Study of Women, Gender, & Sexuality

AS.363.226.  Women writers and the sonnet from the European Renaissance to the Harlem Renaissance.  3 Credits.  

Shakespeare's description of his lover's eyes as 'nothing like the sun' is both an homage and a sendup of the 300-year-old Petrarchan tradition in which the male poetic persona remains forever enraptured by an unattainable female beloved, who never speaks. Beginning with a review of Shakespeare’s sonnet sequence and selections from Petrarch’s sonnets to an elusive Laura, we will read a series of fifteenth-and sixteenth-century women writers who inserted their own voices into this evolving tradition by allowing “Laura” to talk back. These include Vittoria Colonna (and her interactive sonnets with Michelangelo), Veronica Gambara, and Gaspara Stampa; dueling personas in sonnets by French poets Pernette du Guillet and Maurice Scéve, and sonnets by more familiar Shakespearean contemporaries Lady Mary Wroth and Sir Philip Sidney (both of whom reflect back on Petrarch but from quite different viewpoints). In the final section of the course we will apply our newly acquired historical perspective to selections from a more recently available corpus of female-authored sonnets from the Harlem Renaissance. All continental works will be read in translation; no previous familiarity with the topic is required.

Area: Humanities

Writing Intensive

AS.363.338.  The Poetics and Politics of Sex: Feminist Utopia in Theory and Fiction.  3 Credits.  

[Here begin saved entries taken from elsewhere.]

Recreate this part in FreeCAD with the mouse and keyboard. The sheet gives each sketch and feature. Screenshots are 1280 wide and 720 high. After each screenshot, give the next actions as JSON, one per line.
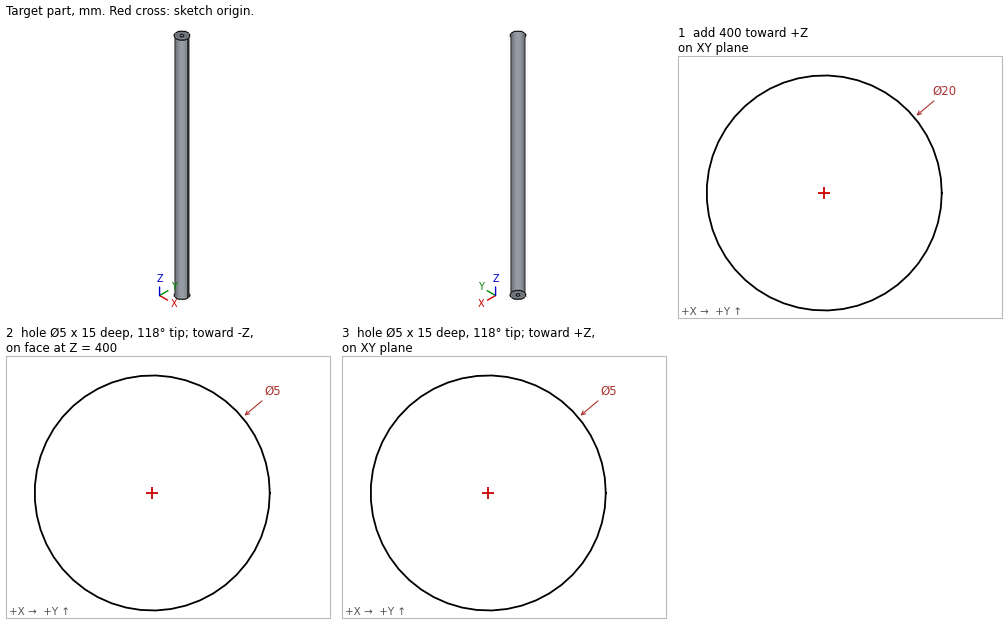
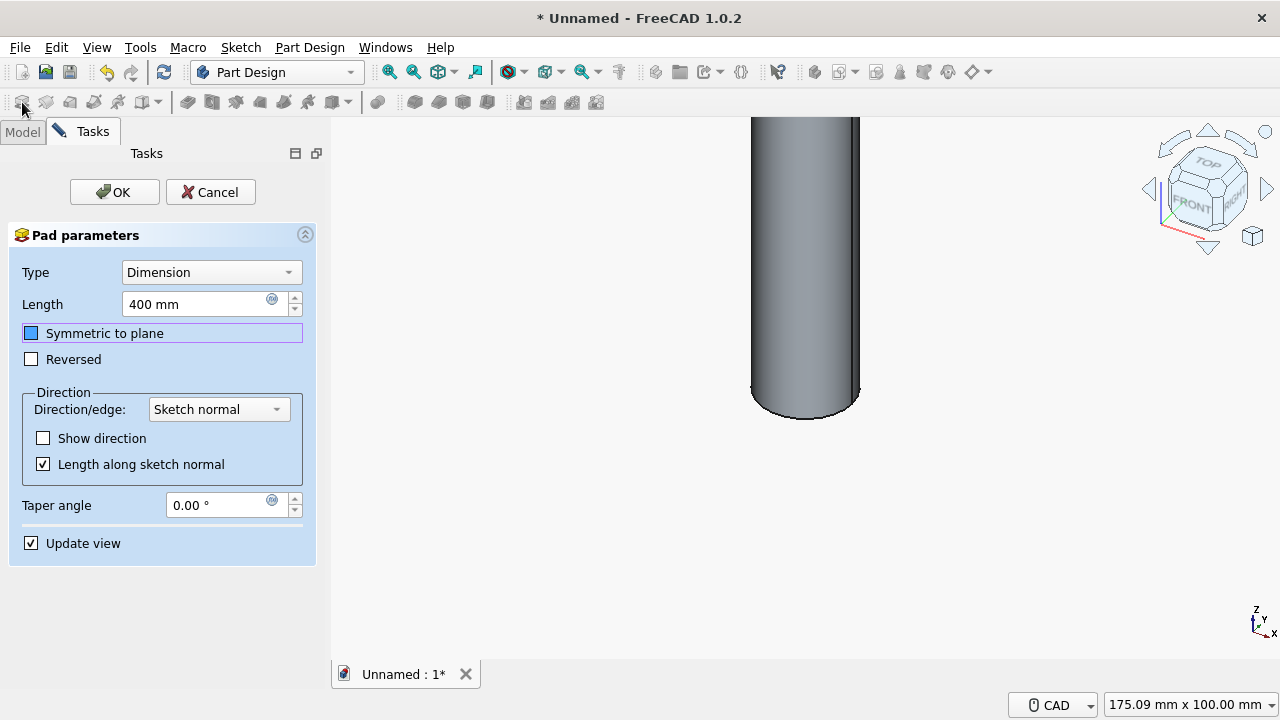
{"action": "left_click", "coordinate": [115, 192]}
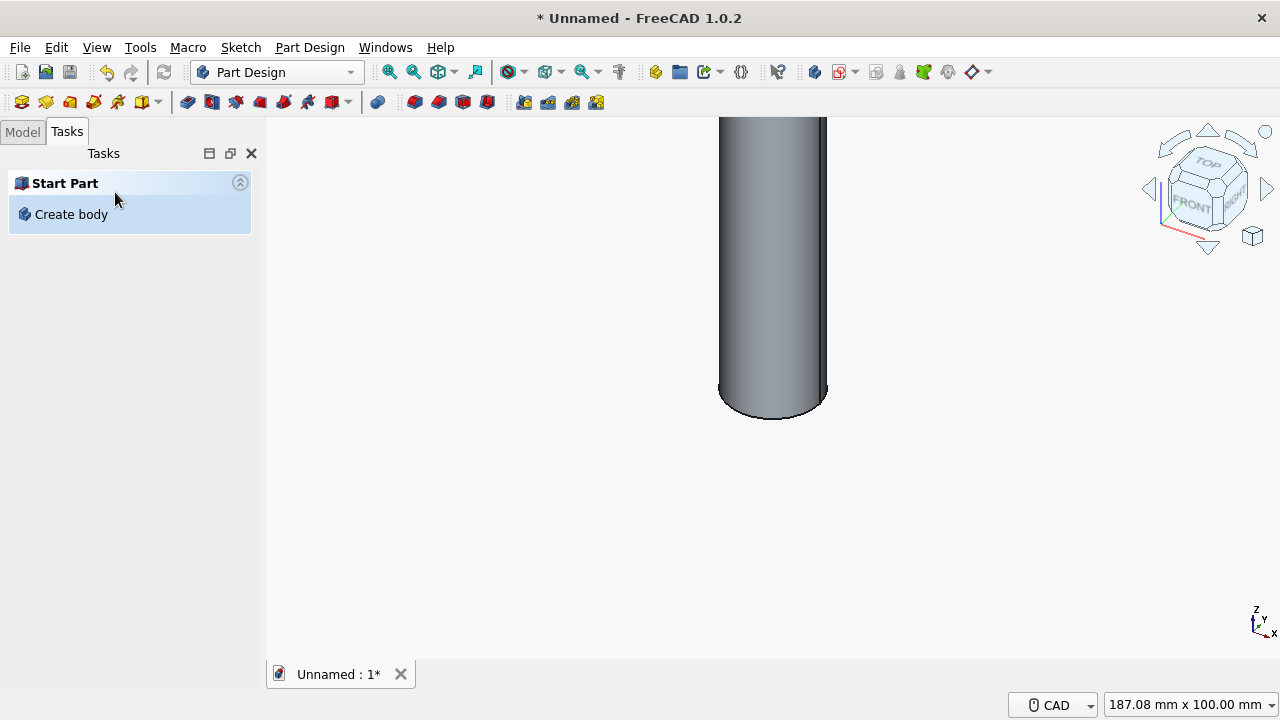
{"action": "key", "text": "v f"}
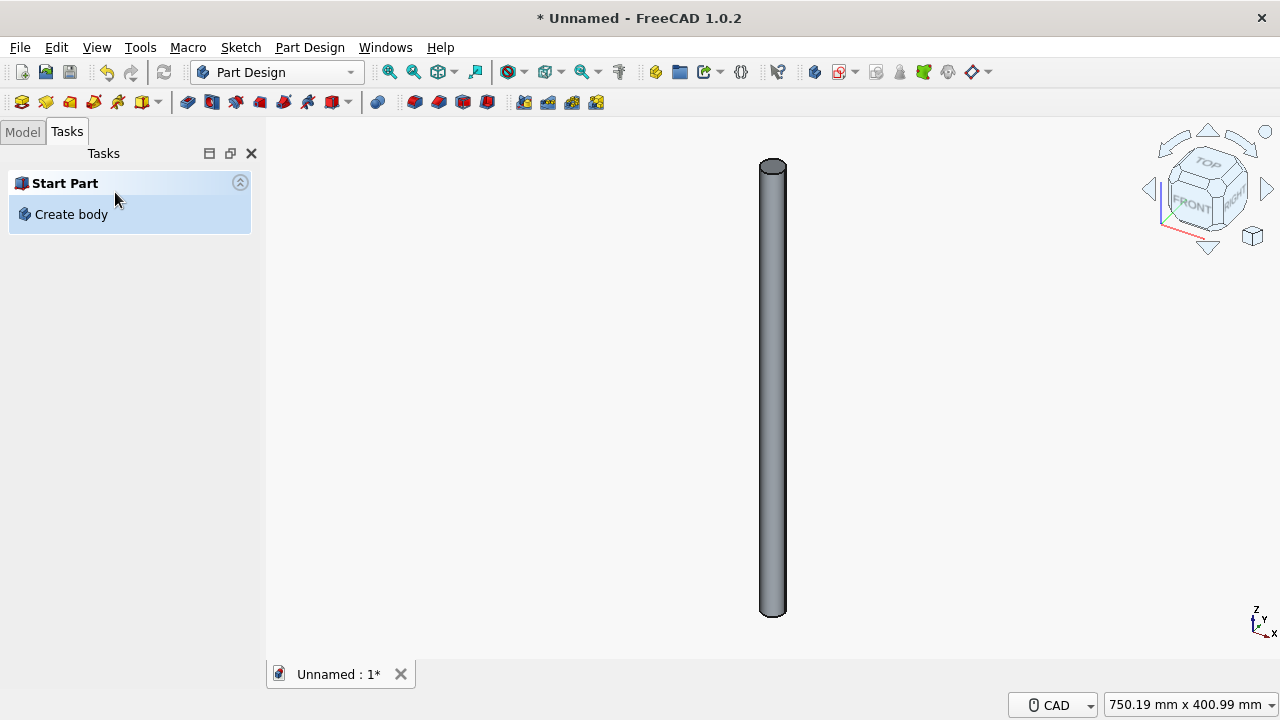
{"action": "left_click", "coordinate": [770, 164]}

This course examines the historical development of feminist utopia in theory and fiction. Readings will center Indigenous, Black, postcolonial, diasporic, and transnational perspectives that engage the topic of feminist utopia.

Area: Humanities

Writing Intensive

AS.363.445.  Reading Judith Shakespeare: Women and Gender in Elizabethan England.  3 Credits.  

If Shakespeare had a sister who went to London to be a writer, what would she write? Virginia Woolf’s account of the thwarted career of Shakespeare’s hypothetical sister, Judith, in A Room of One’s Own frames our reading of plays and poetry by Shakespeare and contemporary women writers, including Isabella Whitney, Elizabeth Cary, Mary Sidney, Aemelia Lanyer, and Mary Wroth. Working within a selected historical context, students will create fictional biographies of “Judith Shakespeare,” including her perspective on our identified authors and a sample or description of Judith’s own literary accomplishments. Secondary course readings will reflect contemporary economic, political, and religious contexts.

Area: Humanities

Writing Intensive

Theatre Arts & Studies

AS.225.318.  21st Century Female Playwrights.  3 Credits.  

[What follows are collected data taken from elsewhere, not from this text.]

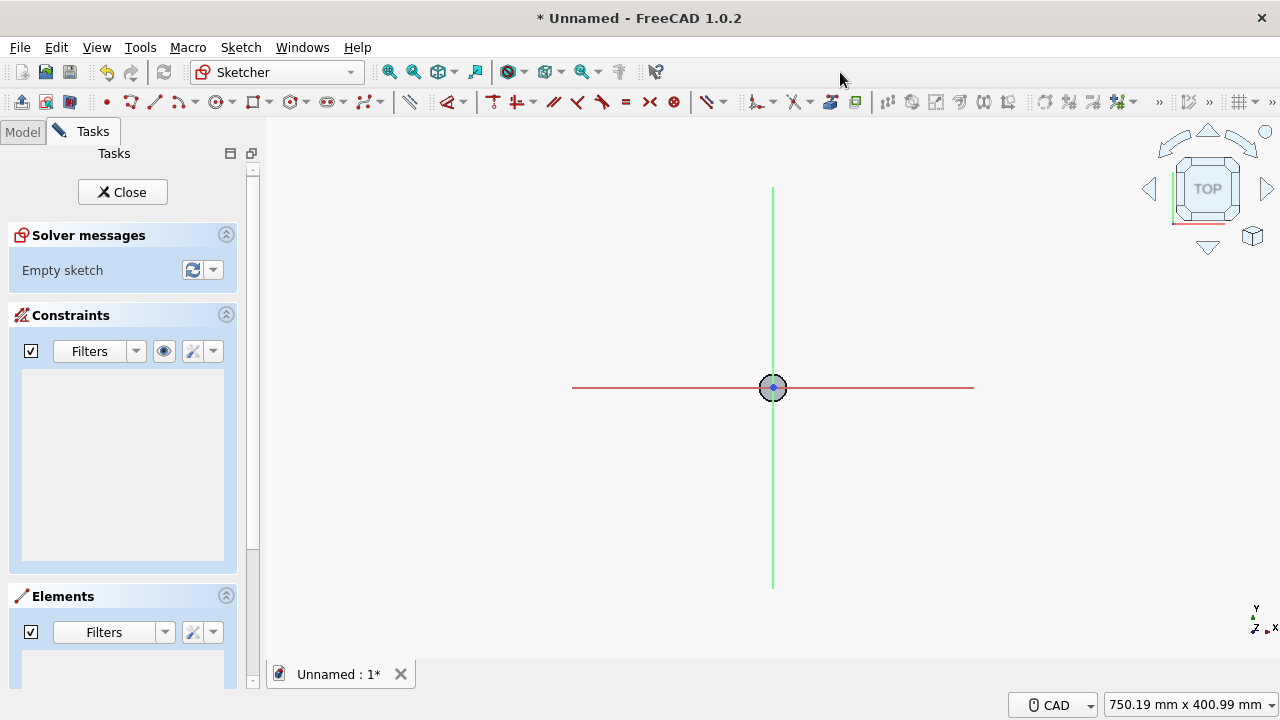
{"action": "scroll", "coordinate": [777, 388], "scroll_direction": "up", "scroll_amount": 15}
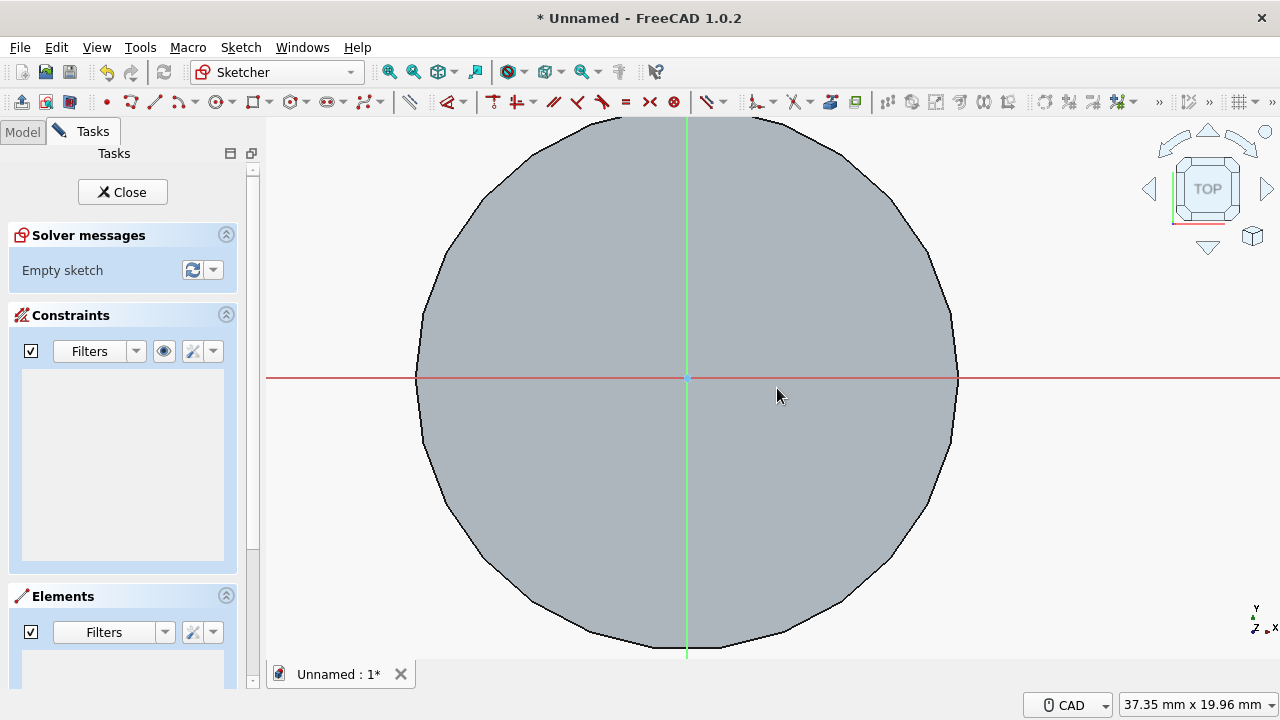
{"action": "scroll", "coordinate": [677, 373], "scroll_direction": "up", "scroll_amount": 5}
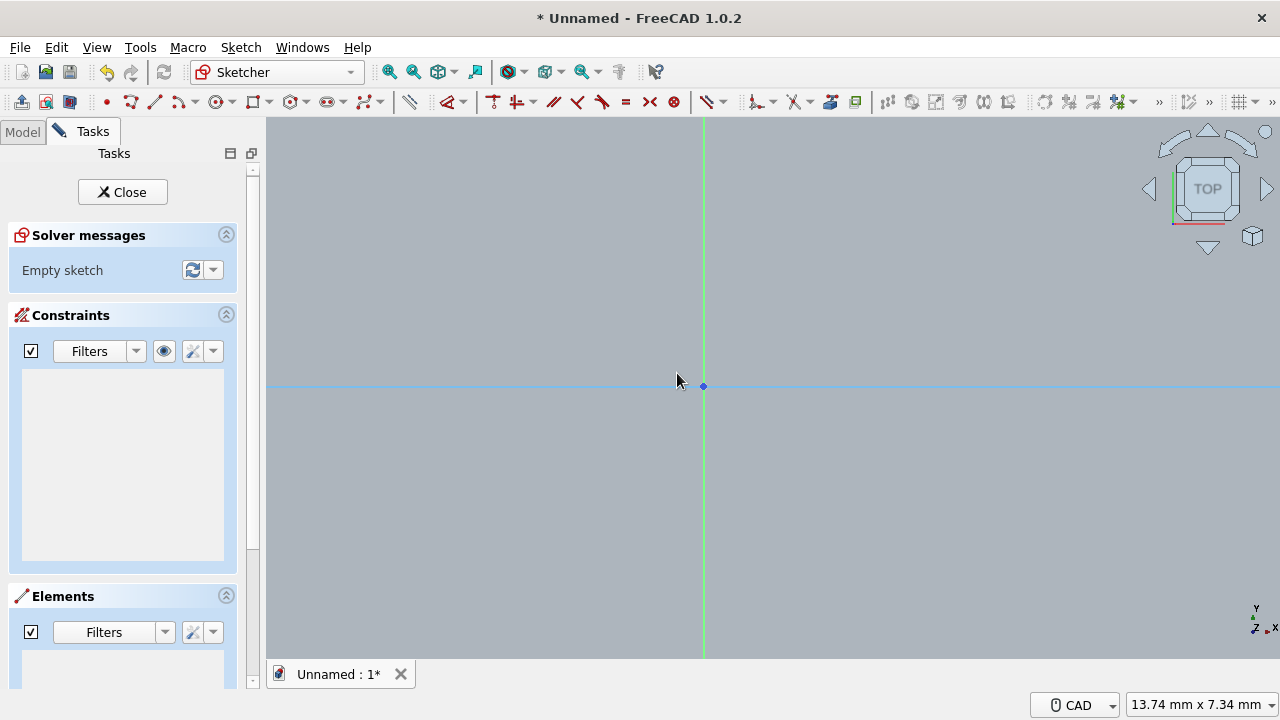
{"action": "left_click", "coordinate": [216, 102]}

This is a writing intensive class exploring the current wealth of women playwrights, including Pulitzer Prize winners: Wendy Wasserstein, Paula Vogel, Lynn Nottage, and Jackie Sibblies Drury (2019 Prize for FAIRVIEW). We will discuss Script Analysis and read (and see) plays by numerous writers including Claire Barron, Kia Corthron, Theresa Rebeck, Sarah Ruhl, Danai Gurira, Caleen Sinnette Jennings, and Hansol Jung. This class will include a mid-term and a Final Paper.